- _Records drawn from a dataset_:
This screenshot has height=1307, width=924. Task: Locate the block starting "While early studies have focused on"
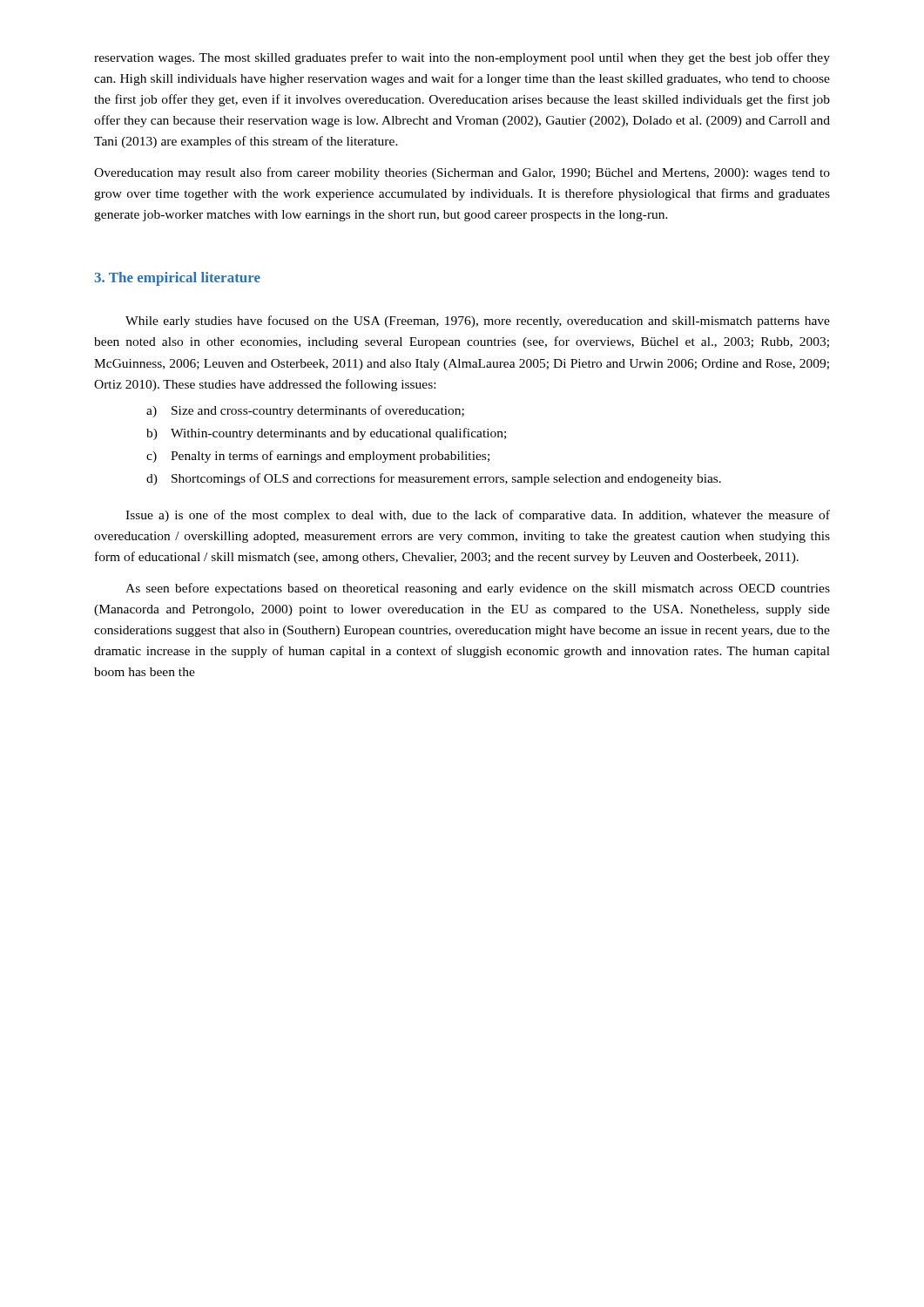(x=462, y=352)
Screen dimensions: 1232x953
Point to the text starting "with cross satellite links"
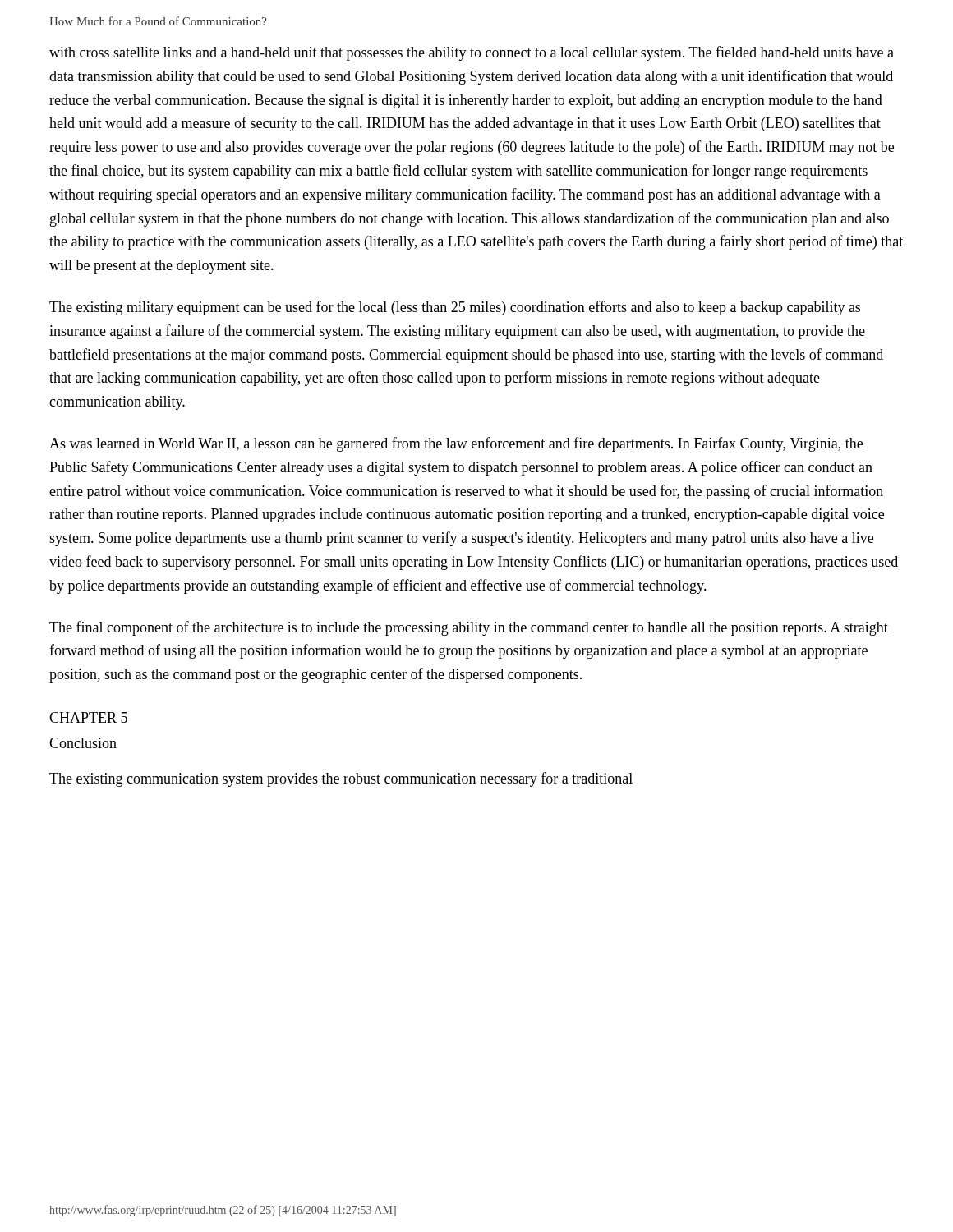[476, 159]
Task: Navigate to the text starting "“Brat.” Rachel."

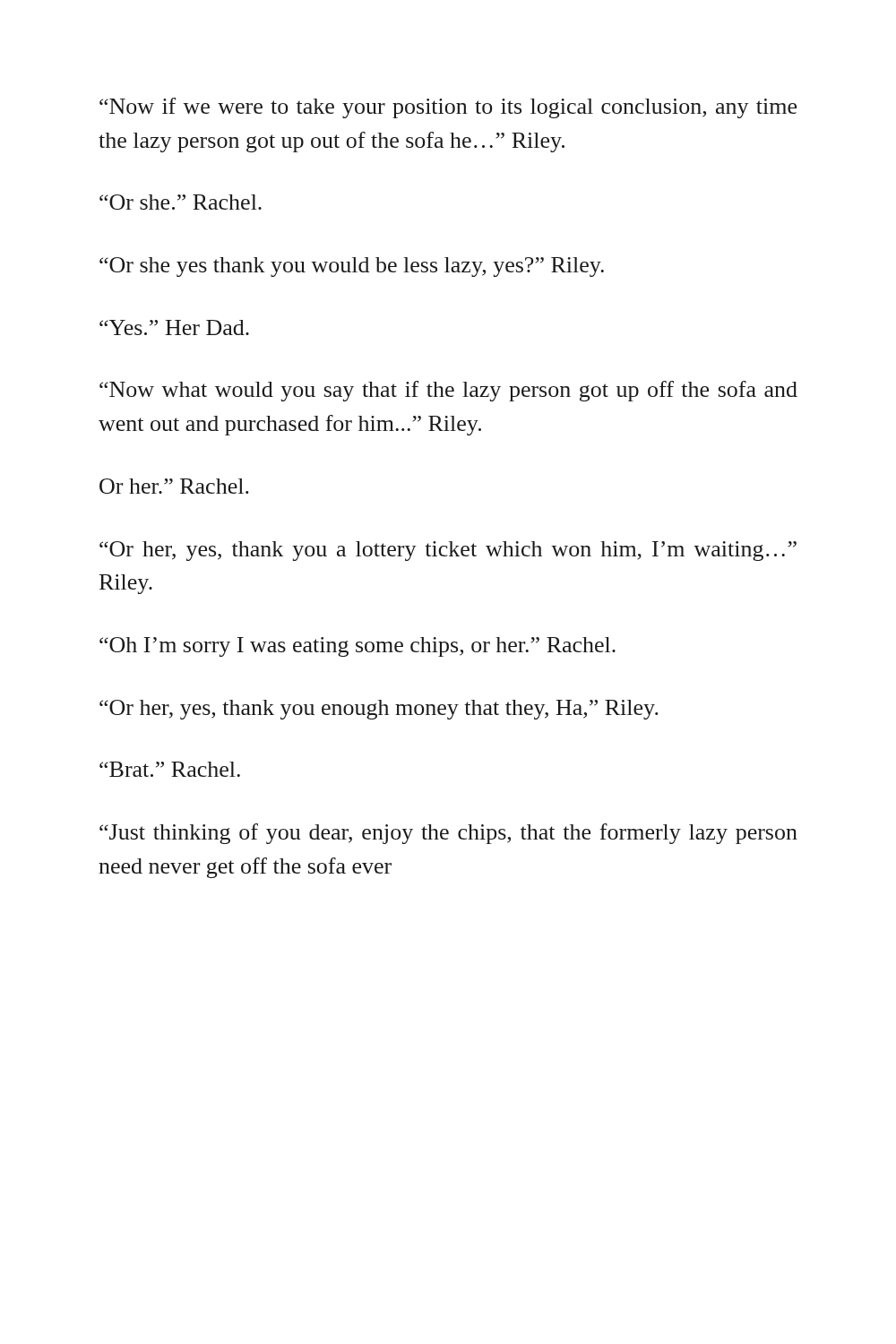Action: tap(170, 769)
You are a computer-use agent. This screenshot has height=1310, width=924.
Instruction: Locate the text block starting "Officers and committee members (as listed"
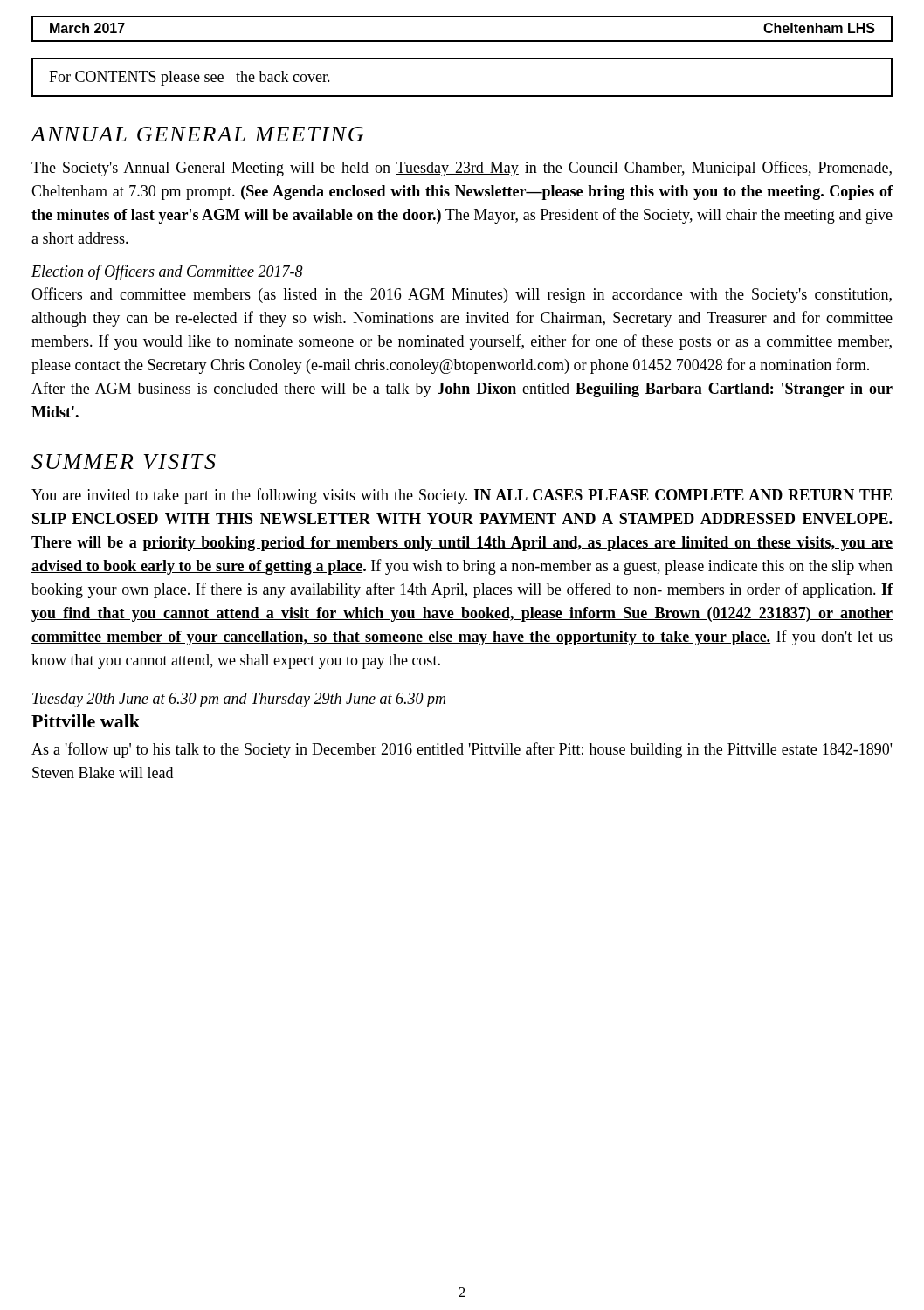pos(462,353)
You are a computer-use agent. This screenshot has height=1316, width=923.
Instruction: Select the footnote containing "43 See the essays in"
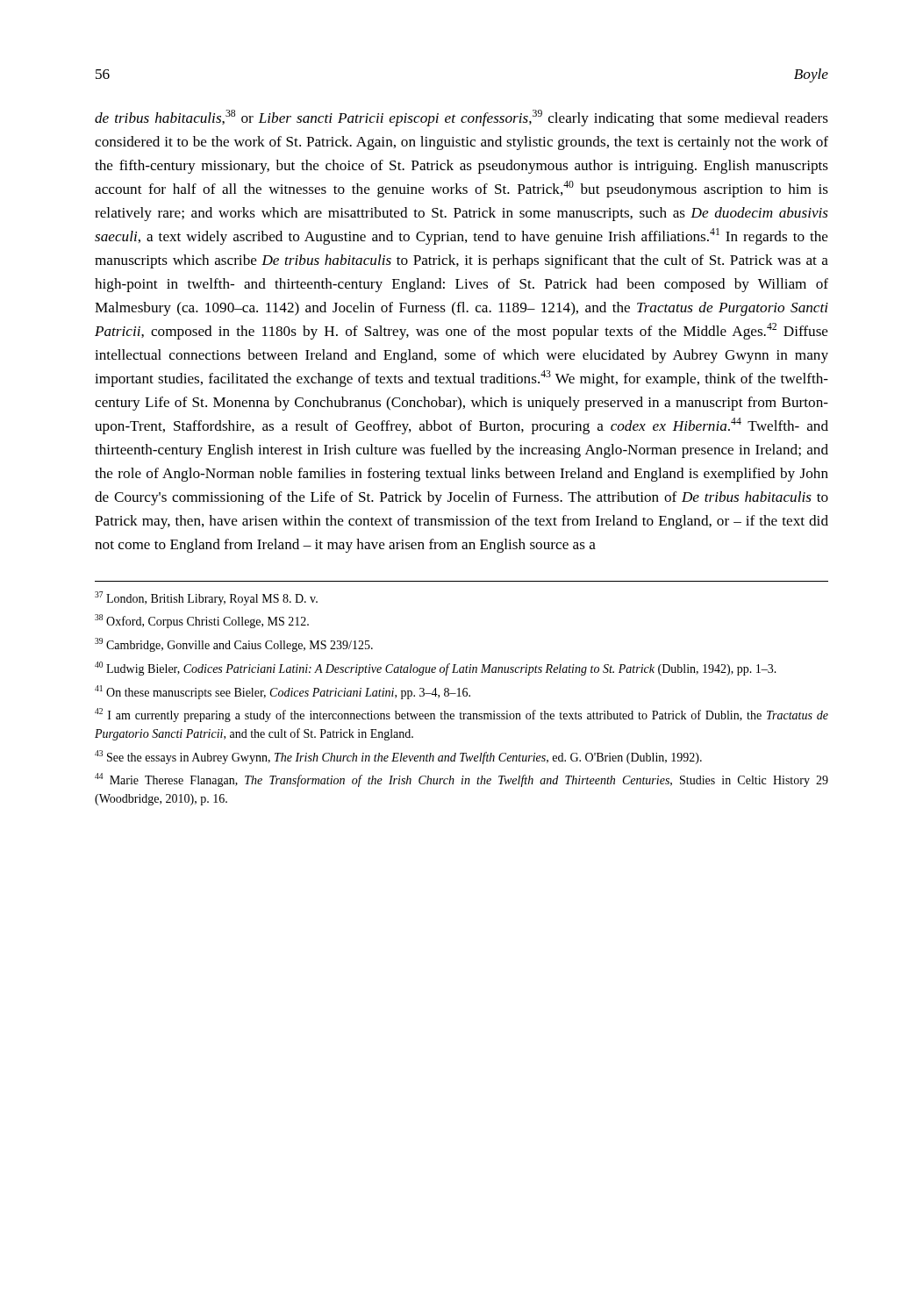tap(399, 757)
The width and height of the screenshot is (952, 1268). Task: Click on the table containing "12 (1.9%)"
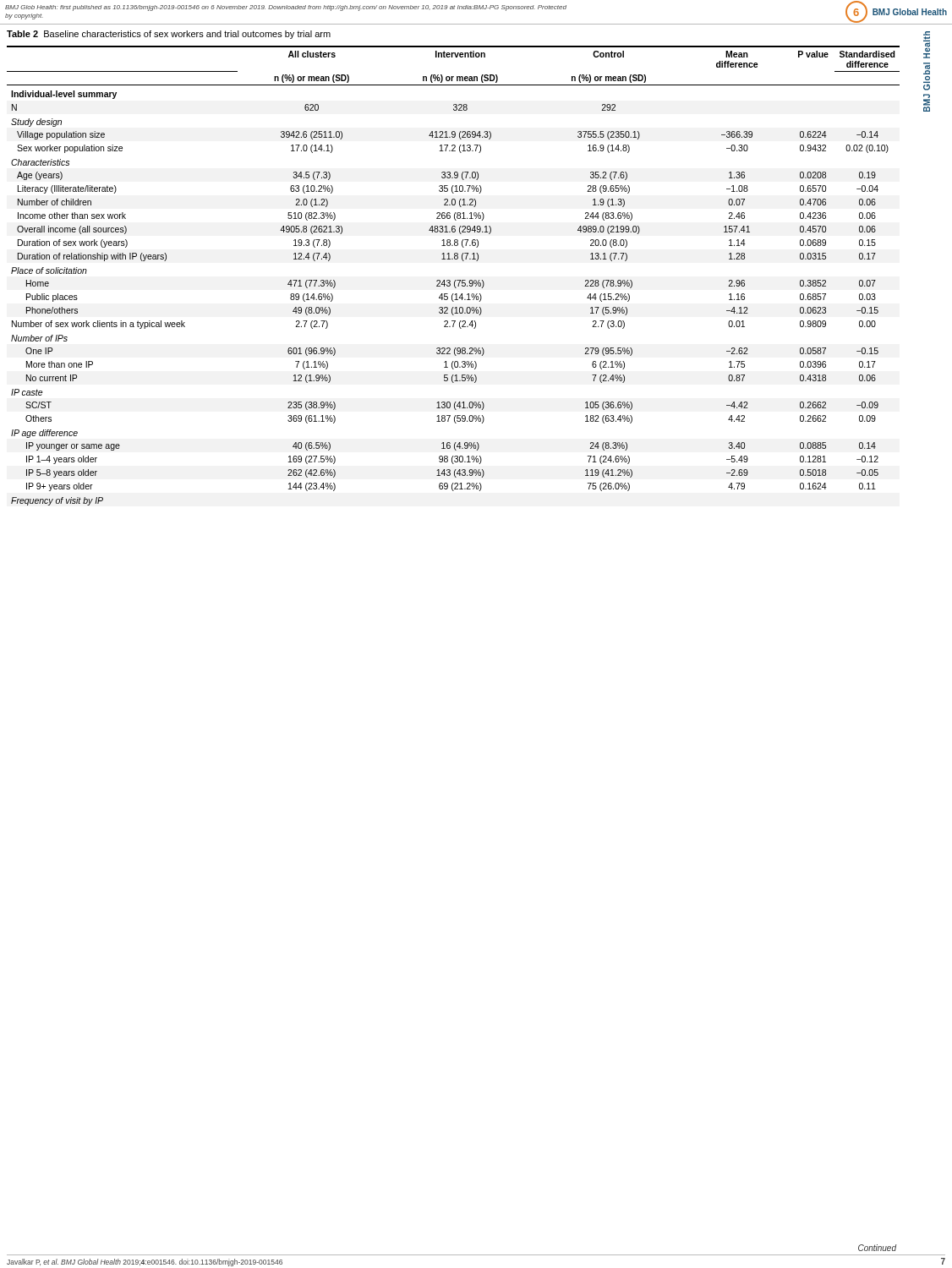453,643
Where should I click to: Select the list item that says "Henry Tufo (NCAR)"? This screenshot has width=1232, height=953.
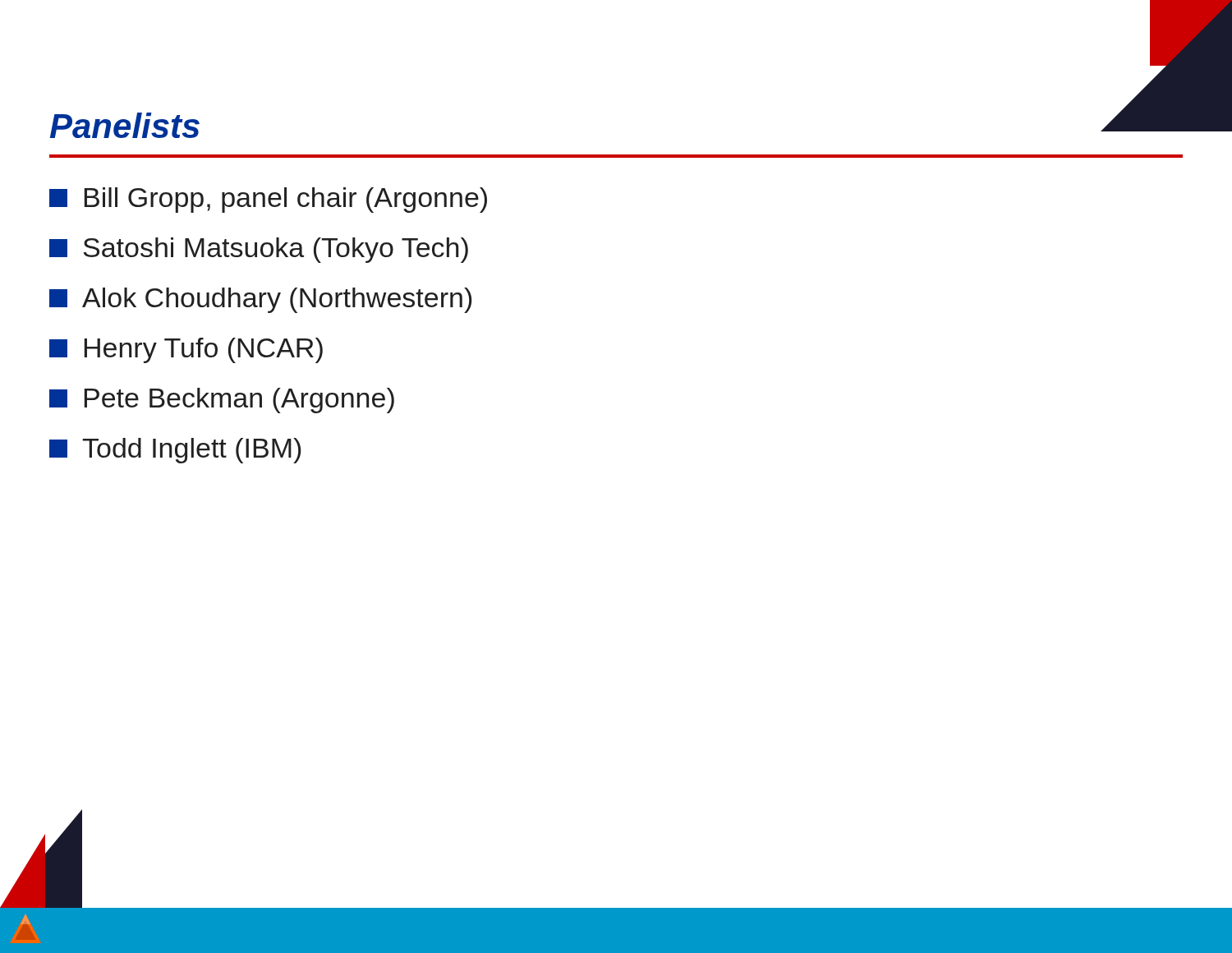tap(187, 348)

- _Task to complete_:
Repeat each entry exactly. Pictures do not belong in the copy.

- _Problem solution_:
This screenshot has height=1307, width=924. Task: Locate the block starting "While early studies have focused on"
(x=462, y=352)
Screen dimensions: 1232x953
Point to the text starting "with cross satellite links"
[476, 159]
Task: Navigate to the text starting "“Brat.” Rachel."

Action: tap(170, 769)
You are a computer-use agent. This screenshot has height=1310, width=924.
Instruction: Locate the text block starting "Officers and committee members (as listed"
pos(462,353)
You are a computer-use agent. This screenshot has height=1316, width=923.
Instruction: Select the footnote containing "43 See the essays in"
tap(399, 757)
The width and height of the screenshot is (952, 1268). Task: Click on the table containing "12 (1.9%)"
453,643
Where should I click to: Select the list item that says "Henry Tufo (NCAR)"? This screenshot has width=1232, height=953.
tap(187, 348)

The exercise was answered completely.